Recognize Your Own Attachment Style
Understanding your attachment style is a crucial first step in creating emotional safety. Take an honest look at your patterns in relationships. Do you tend to feel insecure and constantly seek reassurance? You might lean towards an anxious style. Or do you often push people away when they get too close, indicating an avoidant style?
There are various online quizzes and assessments available that can help you identify your attachment style. However, keep in mind that these are simplifications. Real-life human behaviour can be more complex and variable than these categories suggest.

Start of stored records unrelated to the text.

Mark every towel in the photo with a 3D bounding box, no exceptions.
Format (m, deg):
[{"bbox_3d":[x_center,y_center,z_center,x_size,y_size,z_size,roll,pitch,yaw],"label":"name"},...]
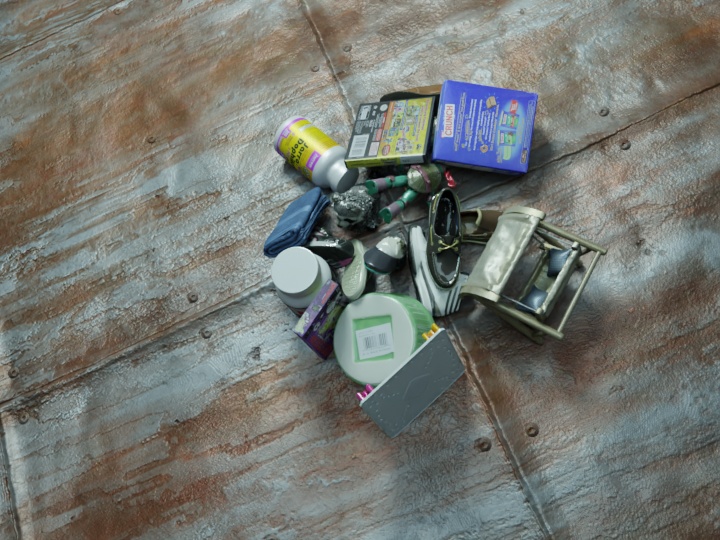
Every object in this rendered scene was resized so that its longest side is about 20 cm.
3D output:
[{"bbox_3d":[-0.135,-0.099,1.400,0.111,0.049,0.201,-26,24,27],"label":"towel"}]

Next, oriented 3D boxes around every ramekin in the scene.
[{"bbox_3d":[0.043,0.137,1.283,0.198,0.098,0.202,-5,78,25],"label":"ramekin"}]

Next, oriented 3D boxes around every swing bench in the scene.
[{"bbox_3d":[0.324,0.005,1.262,0.199,0.130,0.200,30,79,2],"label":"swing bench"}]

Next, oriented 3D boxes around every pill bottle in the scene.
[{"bbox_3d":[-0.097,-0.257,1.484,0.200,0.104,0.104,40,81,22],"label":"pill bottle"},{"bbox_3d":[-0.106,0.033,1.325,0.115,0.200,0.117,-4,70,10],"label":"pill bottle"}]

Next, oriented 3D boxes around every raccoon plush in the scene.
[{"bbox_3d":[-0.007,-0.177,1.419,0.096,0.134,0.202,5,71,14],"label":"raccoon plush"}]

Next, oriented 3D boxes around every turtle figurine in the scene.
[{"bbox_3d":[0.117,-0.182,1.393,0.199,0.101,0.150,-25,68,-26],"label":"turtle figurine"}]

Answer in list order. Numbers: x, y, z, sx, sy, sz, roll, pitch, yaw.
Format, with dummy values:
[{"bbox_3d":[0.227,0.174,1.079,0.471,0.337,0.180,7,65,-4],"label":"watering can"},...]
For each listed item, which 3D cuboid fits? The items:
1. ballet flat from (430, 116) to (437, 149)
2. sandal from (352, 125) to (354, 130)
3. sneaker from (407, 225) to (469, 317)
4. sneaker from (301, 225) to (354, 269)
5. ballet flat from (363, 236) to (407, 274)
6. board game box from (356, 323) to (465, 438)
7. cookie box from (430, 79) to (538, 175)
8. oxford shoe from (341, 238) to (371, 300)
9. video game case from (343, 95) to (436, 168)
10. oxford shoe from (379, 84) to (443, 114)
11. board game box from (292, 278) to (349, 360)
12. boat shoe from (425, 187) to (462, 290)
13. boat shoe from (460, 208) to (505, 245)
[{"bbox_3d":[0.193,-0.322,1.471,0.198,0.074,0.075,-15,67,6],"label":"ballet flat"},{"bbox_3d":[0.055,-0.293,1.490,0.082,0.055,0.200,-41,53,-17],"label":"sandal"},{"bbox_3d":[0.164,-0.004,1.364,0.114,0.076,0.202,-10,76,-2],"label":"sneaker"},{"bbox_3d":[-0.086,-0.060,1.391,0.199,0.080,0.087,3,56,44],"label":"sneaker"},{"bbox_3d":[0.056,-0.036,1.319,0.072,0.200,0.074,1,94,16],"label":"ballet flat"},{"bbox_3d":[0.098,0.209,1.223,0.200,0.200,0.026,-41,55,-6],"label":"board game box"},{"bbox_3d":[0.261,-0.302,1.397,0.198,0.075,0.173,9,90,-1],"label":"cookie box"},{"bbox_3d":[0.000,0.000,1.344,0.058,0.200,0.075,37,111,-19],"label":"oxford shoe"},{"bbox_3d":[0.068,-0.304,1.440,0.179,0.026,0.201,-2,50,18],"label":"video game case"},{"bbox_3d":[0.143,-0.395,1.521,0.198,0.072,0.072,1,40,14],"label":"oxford shoe"},{"bbox_3d":[-0.066,0.101,1.292,0.032,0.200,0.120,35,80,20],"label":"board game box"},{"bbox_3d":[0.167,-0.064,1.309,0.071,0.061,0.203,0,76,-3],"label":"boat shoe"},{"bbox_3d":[0.253,-0.094,1.369,0.200,0.075,0.075,-7,68,9],"label":"boat shoe"}]
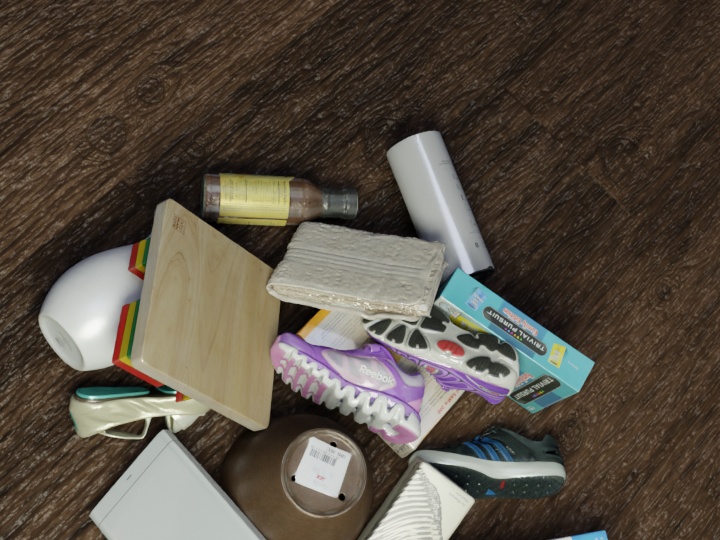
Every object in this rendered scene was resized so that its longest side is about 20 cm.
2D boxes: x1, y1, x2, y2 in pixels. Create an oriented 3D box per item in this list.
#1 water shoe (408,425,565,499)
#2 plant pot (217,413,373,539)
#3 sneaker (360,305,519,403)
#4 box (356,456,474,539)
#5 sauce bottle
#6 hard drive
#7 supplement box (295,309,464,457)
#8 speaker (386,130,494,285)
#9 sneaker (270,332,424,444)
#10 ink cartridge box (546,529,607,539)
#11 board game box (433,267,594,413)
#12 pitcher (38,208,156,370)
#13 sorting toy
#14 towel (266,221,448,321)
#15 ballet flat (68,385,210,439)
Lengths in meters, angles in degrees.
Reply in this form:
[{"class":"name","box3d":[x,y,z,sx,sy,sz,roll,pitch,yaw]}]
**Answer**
[{"class":"water shoe","box3d":[0.154,0.236,1.377,0.198,0.072,0.079,8,43,-9]},{"class":"plant pot","box3d":[-0.060,0.238,1.241,0.185,0.200,0.189,4,71,-12]},{"class":"sneaker","box3d":[0.087,0.103,1.306,0.199,0.084,0.081,27,46,15]},{"class":"box","box3d":[0.042,0.320,1.283,0.082,0.068,0.201,35,85,-2]},{"class":"sauce bottle","box3d":[-0.103,-0.088,1.408,0.198,0.065,0.065,3,72,-15]},{"class":"hard drive","box3d":[-0.197,0.293,1.223,0.200,0.027,0.132,42,92,24]},{"class":"supplement box","box3d":[0.027,0.114,1.369,0.200,0.074,0.126,44,69,4]},{"class":"speaker","box3d":[0.104,-0.078,1.445,0.080,0.081,0.202,-17,78,-18]},{"class":"sneaker","box3d":[-0.008,0.119,1.285,0.199,0.081,0.089,29,64,-6]},{"class":"ink cartridge box","box3d":[0.178,0.366,1.287,0.198,0.147,0.087,-5,72,-15]},{"class":"board game box","box3d":[0.169,0.091,1.369,0.199,0.151,0.047,35,69,-1]},{"class":"pitcher","box3d":[-0.261,0.046,1.307,0.200,0.121,0.172,-41,101,-32]},{"class":"sorting toy","box3d":[-0.184,0.058,1.247,0.198,0.069,0.202,37,46,-42]},{"class":"towel","box3d":[0.000,0.000,1.334,0.198,0.035,0.133,10,40,13]},{"class":"ballet flat","box3d":[-0.240,0.162,1.297,0.198,0.069,0.070,-4,74,-23]}]

Understand Your Partner’s Attachment Style
Just as you’ve identified your own attachment style, strive to understand your partner’s. Open up a conversation about your early life experiences and how they might influence your current behaviours and expectations in relationships. This conversation can be an excellent way to build empathy and understanding between partners.
Create Emotional Safety
Here’s how the different attachment styles can create emotional safety and security for their partner.
- Secure Attachment: Those with secure attachment styles can foster emotional safety for an insecure partner by being consistently supportive, understanding, and patient. They can reassure anxious partners, and give space when needed to avoidant partners.
- Anxious Attachment: Those with an anxious style can work towards emotional safety by learning to self-soothe, developing strategies to manage their fears of rejection, and communicating their needs clearly rather than through passive-aggressive or clinging behaviors.
- Avoidant Attachment: Individuals with an avoidant style can create emotional safety by learning to be comfortable with intimacy, expressing their feelings honestly, and understanding that depending on others isn’t a sign of weakness.
- Disorganized Attachment: For those with a disorganized attachment style, seeking professional therapy may be the first step towards emotional safety. Over time, they can learn to trust their partners and express their needs without fear of retribution.
No matter your attachment style, open and honest communication is vital in creating and maintaining emotional safety. Regularly check in with each other about your feelings, concerns, and needs. Aim for understanding rather than winning arguments, and ensure that both parties feel heard and validated.
In the quest to foster emotional safety, working on cultivating behaviours related to secure attachment can be highly beneficial. This could mean practicing trust, authenticity, and assurance. Building trust means being dependable and consistent in your actions. Authentic communication involves expressing your feelings and needs openly, and encouraging your partner to do the same. And finally, reassurance goes a long way in making your partner feel safe and loved.
Creating emotional safety in a relationship takes time, patience, and a commitment to understanding. By recognizing and honouring your attachment styles, you and your partner can work together to build a nurturing and safe relationship. Remember, it’s not about changing who you are or who your partner is. It’s about understanding each other better and learning to cater to one another’s emotional needs in a compassionate and empathetic way.